> [Task description] Reproduce every record below exactly as written, but leave out any pictures.

Items from a data source:
== Segment start ==

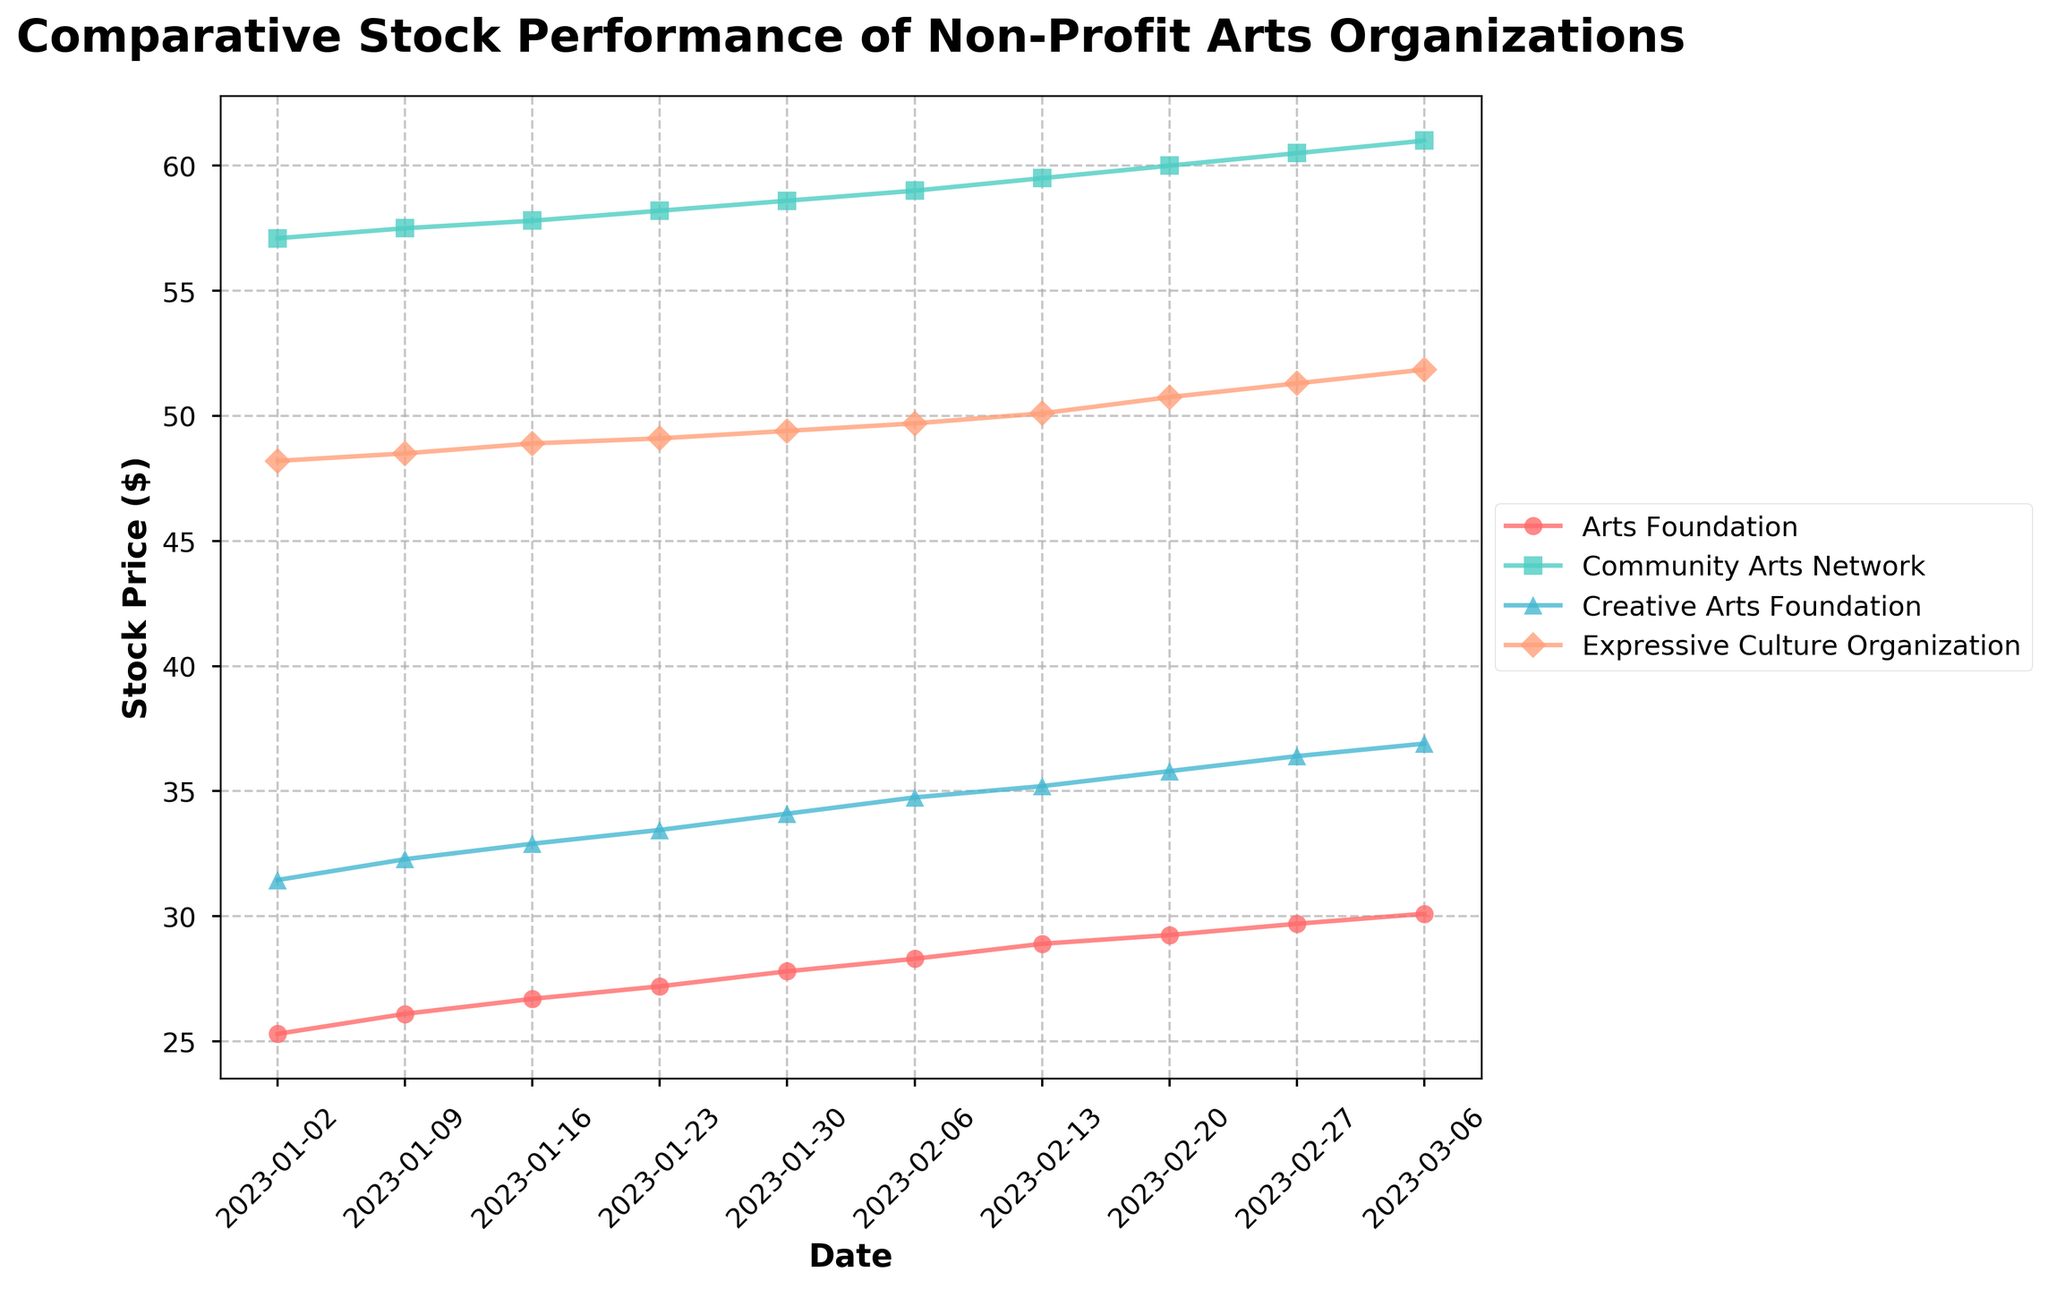What's the title of the plot? The title of the plot is displayed at the top of the figure in a larger, bold font.
Answer: Comparative Stock Performance of Non-Profit Arts Organizations Which stock price started the highest on January 2, 2023? By examining the values on January 2, 2023, "Community Arts Network" has the highest stock price at 57.10.
Answer: Community Arts Network What is the overall trend of the "Arts Foundation" stock price from January to March 2023? The "Arts Foundation" stock price consistently increases from 25.30 on January 2, 2023, to 30.10 on March 6, 2023, indicating an upward trend.
Answer: Upward trend What is the difference in stock price of the "Creative Arts Foundation" between January 16, 2023, and February 13, 2023? The stock price on January 16 is 32.90 and on February 13 is 35.20, the difference is 35.20 - 32.90 = 2.30.
Answer: 2.30 Which organization's stock price shows the least fluctuation over the period? By visual inspection, "Expressive Culture Organization" has the most consistent, least fluctuating trend during the period.
Answer: Expressive Culture Organization By how much did the "Community Arts Network" stock price grow from January 2, 2023, to March 6, 2023? The stock price of "Community Arts Network" on January 2, 2023, was 57.10 and on March 6, 2023, it was 61.00. The growth is 61.00 - 57.10 = 3.90.
Answer: 3.90 What is the highest stock price reached by the "Creative Arts Foundation" during the given period? The highest stock price reached by the "Creative Arts Foundation" is 36.90 on March 6, 2023.
Answer: 36.90 Which organization had the highest stock price on February 27, 2023? On February 27, 2023, the highest stock price is for "Community Arts Network" at 60.50.
Answer: Community Arts Network How does the stock price of "Expressive Culture Organization" on February 13, 2023, compare to its price on February 27, 2023? The stock price of "Expressive Culture Organization" on February 13, 2023, was 50.10 and on February 27, 2023, it was 51.30. Comparing both, the price increased by 51.30 - 50.10 = 1.20.
Answer: Increased by 1.20 
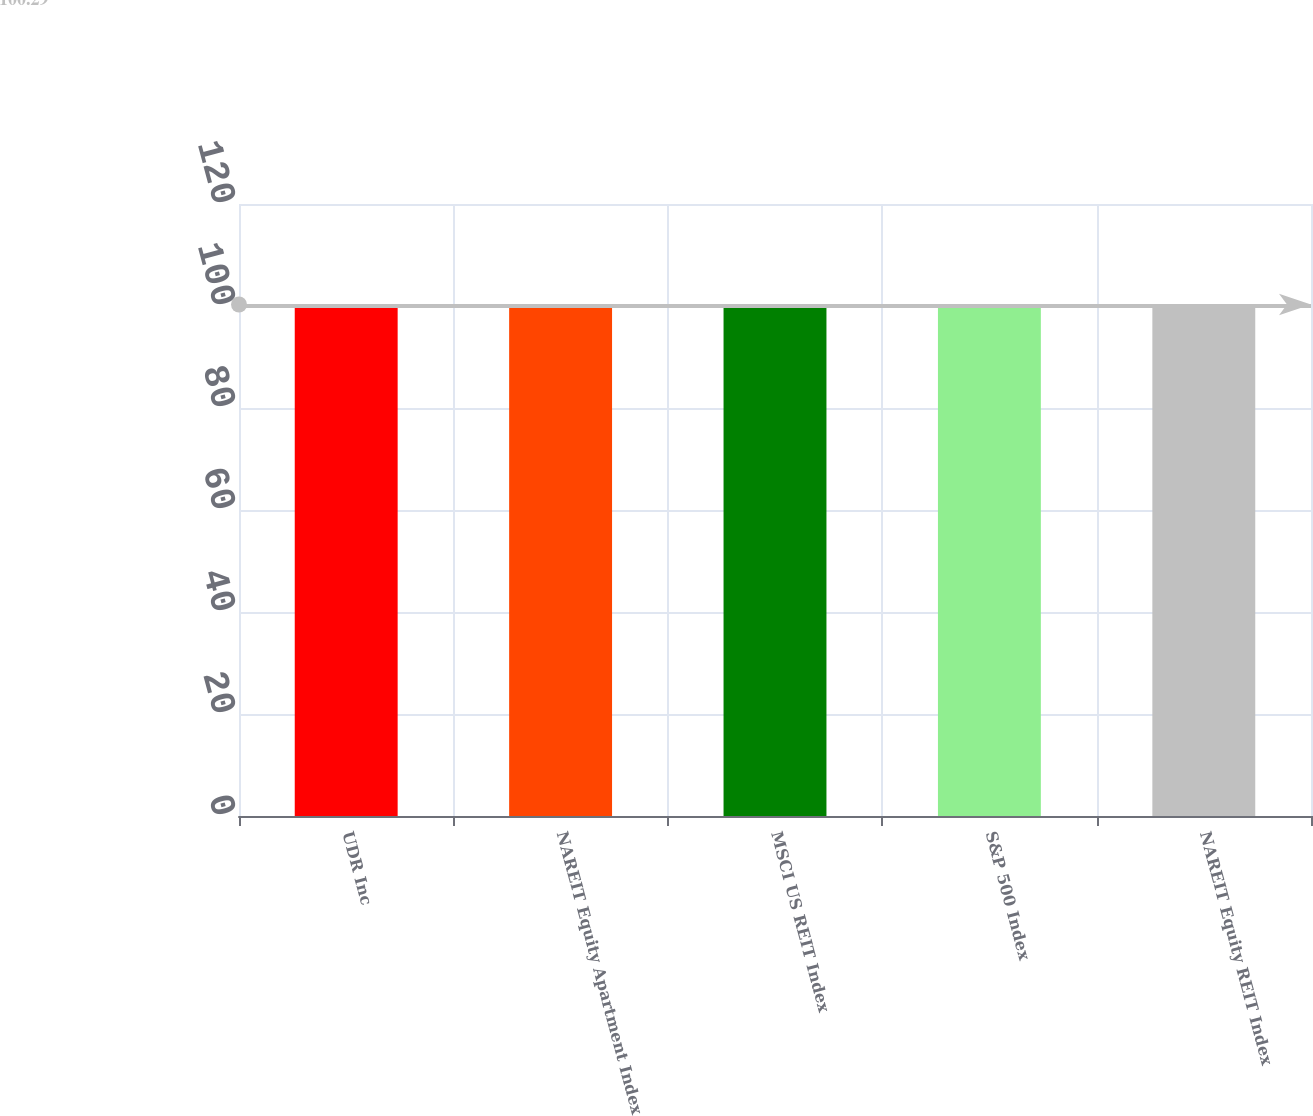Convert chart to OTSL. <chart><loc_0><loc_0><loc_500><loc_500><bar_chart><fcel>UDR Inc<fcel>NAREIT Equity Apartment Index<fcel>MSCI US REIT Index<fcel>S&P 500 Index<fcel>NAREIT Equity REIT Index<nl><fcel>100<fcel>100.1<fcel>100.2<fcel>100.3<fcel>100.4<nl></chart>

== Segment end ==

> [Solution for this task]
What's the title of the plot? The title of the plot is displayed at the top of the figure in a larger, bold font.
Answer: Comparative Stock Performance of Non-Profit Arts Organizations Which stock price started the highest on January 2, 2023? By examining the values on January 2, 2023, "Community Arts Network" has the highest stock price at 57.10.
Answer: Community Arts Network What is the overall trend of the "Arts Foundation" stock price from January to March 2023? The "Arts Foundation" stock price consistently increases from 25.30 on January 2, 2023, to 30.10 on March 6, 2023, indicating an upward trend.
Answer: Upward trend What is the difference in stock price of the "Creative Arts Foundation" between January 16, 2023, and February 13, 2023? The stock price on January 16 is 32.90 and on February 13 is 35.20, the difference is 35.20 - 32.90 = 2.30.
Answer: 2.30 Which organization's stock price shows the least fluctuation over the period? By visual inspection, "Expressive Culture Organization" has the most consistent, least fluctuating trend during the period.
Answer: Expressive Culture Organization By how much did the "Community Arts Network" stock price grow from January 2, 2023, to March 6, 2023? The stock price of "Community Arts Network" on January 2, 2023, was 57.10 and on March 6, 2023, it was 61.00. The growth is 61.00 - 57.10 = 3.90.
Answer: 3.90 What is the highest stock price reached by the "Creative Arts Foundation" during the given period? The highest stock price reached by the "Creative Arts Foundation" is 36.90 on March 6, 2023.
Answer: 36.90 Which organization had the highest stock price on February 27, 2023? On February 27, 2023, the highest stock price is for "Community Arts Network" at 60.50.
Answer: Community Arts Network How does the stock price of "Expressive Culture Organization" on February 13, 2023, compare to its price on February 27, 2023? The stock price of "Expressive Culture Organization" on February 13, 2023, was 50.10 and on February 27, 2023, it was 51.30. Comparing both, the price increased by 51.30 - 50.10 = 1.20.
Answer: Increased by 1.20 
Convert chart to OTSL. <chart><loc_0><loc_0><loc_500><loc_500><bar_chart><fcel>UDR Inc<fcel>NAREIT Equity Apartment Index<fcel>MSCI US REIT Index<fcel>S&P 500 Index<fcel>NAREIT Equity REIT Index<nl><fcel>100<fcel>100.1<fcel>100.2<fcel>100.3<fcel>100.4<nl></chart>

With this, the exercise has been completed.